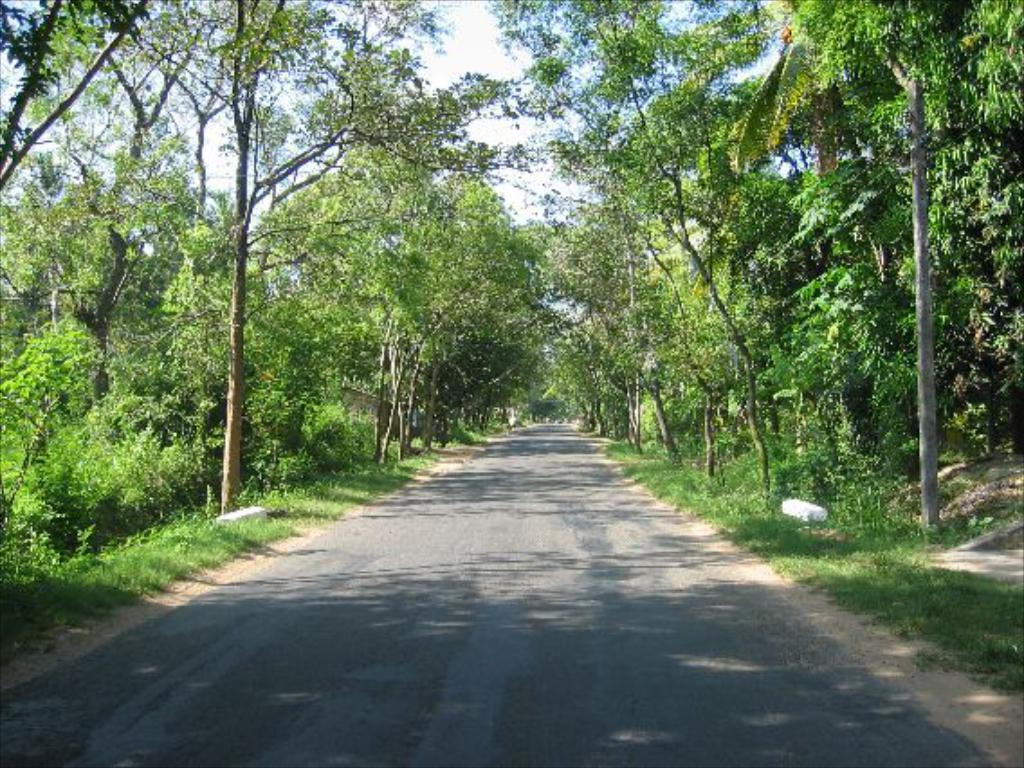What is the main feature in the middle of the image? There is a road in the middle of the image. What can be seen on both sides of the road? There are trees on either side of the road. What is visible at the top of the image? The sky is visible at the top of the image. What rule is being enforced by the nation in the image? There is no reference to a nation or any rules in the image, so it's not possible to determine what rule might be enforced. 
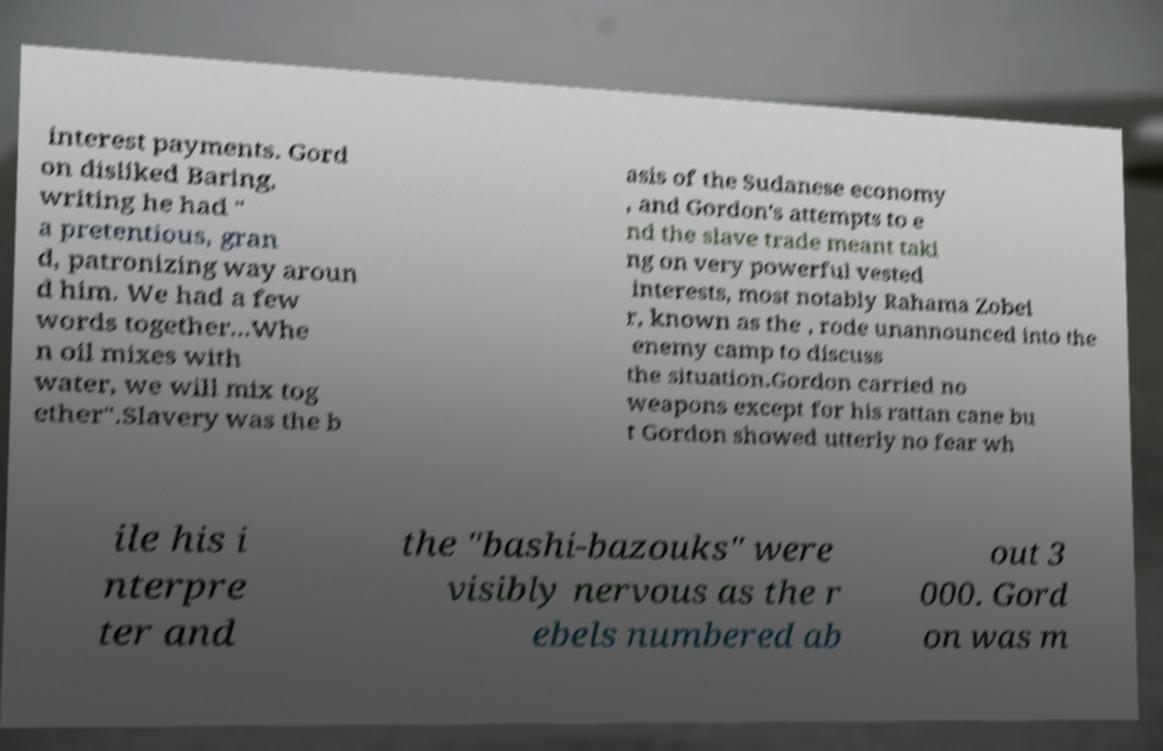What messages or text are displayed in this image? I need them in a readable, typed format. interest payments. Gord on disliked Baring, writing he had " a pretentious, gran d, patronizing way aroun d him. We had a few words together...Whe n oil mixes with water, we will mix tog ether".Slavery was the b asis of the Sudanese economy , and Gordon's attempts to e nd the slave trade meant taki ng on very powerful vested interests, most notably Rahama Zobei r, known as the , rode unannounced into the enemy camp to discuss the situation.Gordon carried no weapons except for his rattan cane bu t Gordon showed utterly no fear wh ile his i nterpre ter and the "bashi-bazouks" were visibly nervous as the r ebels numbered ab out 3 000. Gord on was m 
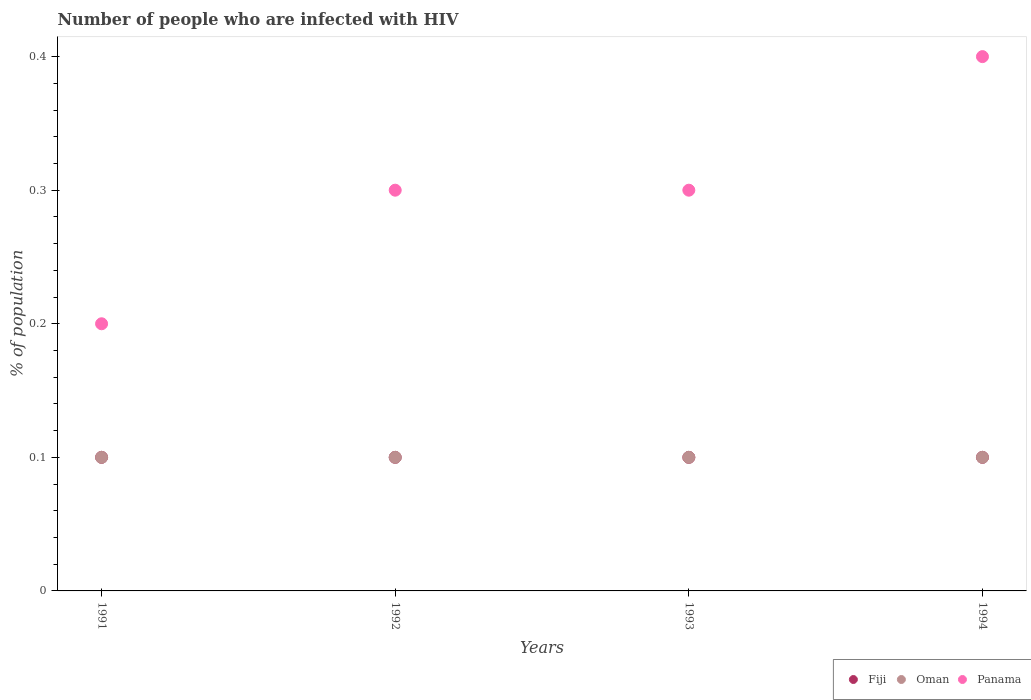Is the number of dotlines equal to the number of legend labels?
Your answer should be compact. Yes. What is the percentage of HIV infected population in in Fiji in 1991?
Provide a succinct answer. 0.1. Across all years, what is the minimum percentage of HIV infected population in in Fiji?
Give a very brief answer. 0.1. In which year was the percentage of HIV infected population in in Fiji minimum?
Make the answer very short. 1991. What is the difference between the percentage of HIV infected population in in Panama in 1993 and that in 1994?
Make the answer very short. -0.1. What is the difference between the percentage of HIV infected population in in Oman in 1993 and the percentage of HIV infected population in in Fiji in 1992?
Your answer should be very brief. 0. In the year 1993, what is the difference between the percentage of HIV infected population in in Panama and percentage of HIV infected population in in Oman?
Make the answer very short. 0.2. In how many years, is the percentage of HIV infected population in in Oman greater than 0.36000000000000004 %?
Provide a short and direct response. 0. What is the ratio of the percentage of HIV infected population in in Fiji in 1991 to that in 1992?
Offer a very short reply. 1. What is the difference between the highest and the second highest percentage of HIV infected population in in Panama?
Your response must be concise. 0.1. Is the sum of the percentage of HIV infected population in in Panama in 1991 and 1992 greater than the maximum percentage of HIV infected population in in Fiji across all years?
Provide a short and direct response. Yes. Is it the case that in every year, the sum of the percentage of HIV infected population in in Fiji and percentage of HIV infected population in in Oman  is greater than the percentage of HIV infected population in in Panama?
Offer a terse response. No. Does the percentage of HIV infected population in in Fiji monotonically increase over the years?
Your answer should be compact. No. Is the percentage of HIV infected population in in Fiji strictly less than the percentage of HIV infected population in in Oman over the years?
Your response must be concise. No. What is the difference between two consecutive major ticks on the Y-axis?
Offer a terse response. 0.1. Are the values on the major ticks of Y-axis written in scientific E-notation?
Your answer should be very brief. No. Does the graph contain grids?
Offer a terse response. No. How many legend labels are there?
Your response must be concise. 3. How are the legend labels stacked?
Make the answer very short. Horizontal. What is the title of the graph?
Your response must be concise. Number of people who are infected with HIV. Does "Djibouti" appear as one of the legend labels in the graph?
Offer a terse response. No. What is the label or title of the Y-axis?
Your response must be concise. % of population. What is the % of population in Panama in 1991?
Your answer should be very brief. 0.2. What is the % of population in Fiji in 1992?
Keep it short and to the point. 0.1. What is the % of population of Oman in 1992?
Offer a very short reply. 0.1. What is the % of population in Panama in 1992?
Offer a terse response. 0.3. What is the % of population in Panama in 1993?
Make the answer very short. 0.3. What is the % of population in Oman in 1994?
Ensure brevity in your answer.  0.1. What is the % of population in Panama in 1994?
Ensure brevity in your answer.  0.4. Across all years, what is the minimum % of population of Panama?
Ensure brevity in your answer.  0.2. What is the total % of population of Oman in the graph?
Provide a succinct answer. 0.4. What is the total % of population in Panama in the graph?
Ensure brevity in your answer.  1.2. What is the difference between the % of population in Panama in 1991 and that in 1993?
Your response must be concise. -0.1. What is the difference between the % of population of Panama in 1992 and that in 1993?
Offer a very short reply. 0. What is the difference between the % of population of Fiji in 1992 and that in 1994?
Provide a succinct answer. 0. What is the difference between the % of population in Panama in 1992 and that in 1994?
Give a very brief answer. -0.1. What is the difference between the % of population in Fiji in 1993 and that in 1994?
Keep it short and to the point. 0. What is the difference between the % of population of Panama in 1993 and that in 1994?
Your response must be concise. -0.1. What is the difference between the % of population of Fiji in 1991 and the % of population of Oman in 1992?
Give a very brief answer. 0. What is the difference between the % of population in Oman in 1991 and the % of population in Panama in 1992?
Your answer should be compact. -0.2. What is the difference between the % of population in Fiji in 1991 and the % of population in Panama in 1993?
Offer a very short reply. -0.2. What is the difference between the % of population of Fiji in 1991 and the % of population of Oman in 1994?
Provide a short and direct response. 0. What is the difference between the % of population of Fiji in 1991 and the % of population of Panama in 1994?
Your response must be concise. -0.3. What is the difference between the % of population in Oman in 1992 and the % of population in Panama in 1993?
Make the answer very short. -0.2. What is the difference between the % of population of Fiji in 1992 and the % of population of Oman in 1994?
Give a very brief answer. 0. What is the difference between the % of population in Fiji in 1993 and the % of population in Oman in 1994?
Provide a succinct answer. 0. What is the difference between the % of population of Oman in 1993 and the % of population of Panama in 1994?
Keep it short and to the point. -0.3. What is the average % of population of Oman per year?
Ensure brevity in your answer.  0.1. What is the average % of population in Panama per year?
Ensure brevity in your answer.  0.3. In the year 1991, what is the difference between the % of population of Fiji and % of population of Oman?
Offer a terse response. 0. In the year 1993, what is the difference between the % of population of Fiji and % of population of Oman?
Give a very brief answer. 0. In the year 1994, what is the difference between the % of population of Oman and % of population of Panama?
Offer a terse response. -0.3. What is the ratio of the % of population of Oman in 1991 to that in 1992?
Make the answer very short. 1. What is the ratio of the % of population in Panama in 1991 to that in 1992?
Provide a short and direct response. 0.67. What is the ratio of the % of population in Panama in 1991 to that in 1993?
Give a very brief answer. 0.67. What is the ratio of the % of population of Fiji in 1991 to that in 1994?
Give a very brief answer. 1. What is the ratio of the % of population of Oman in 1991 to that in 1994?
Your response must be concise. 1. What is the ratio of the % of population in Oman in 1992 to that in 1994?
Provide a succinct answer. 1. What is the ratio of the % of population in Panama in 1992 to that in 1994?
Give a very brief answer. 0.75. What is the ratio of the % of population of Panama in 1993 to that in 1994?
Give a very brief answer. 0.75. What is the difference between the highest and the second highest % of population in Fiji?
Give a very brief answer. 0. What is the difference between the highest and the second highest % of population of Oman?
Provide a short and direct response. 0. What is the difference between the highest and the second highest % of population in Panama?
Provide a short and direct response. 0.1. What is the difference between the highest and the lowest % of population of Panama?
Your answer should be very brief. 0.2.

──────

→ Directions
Count how many lines of the entries contain the word "average"; only the number should appear in the reply.

→ Finished task
2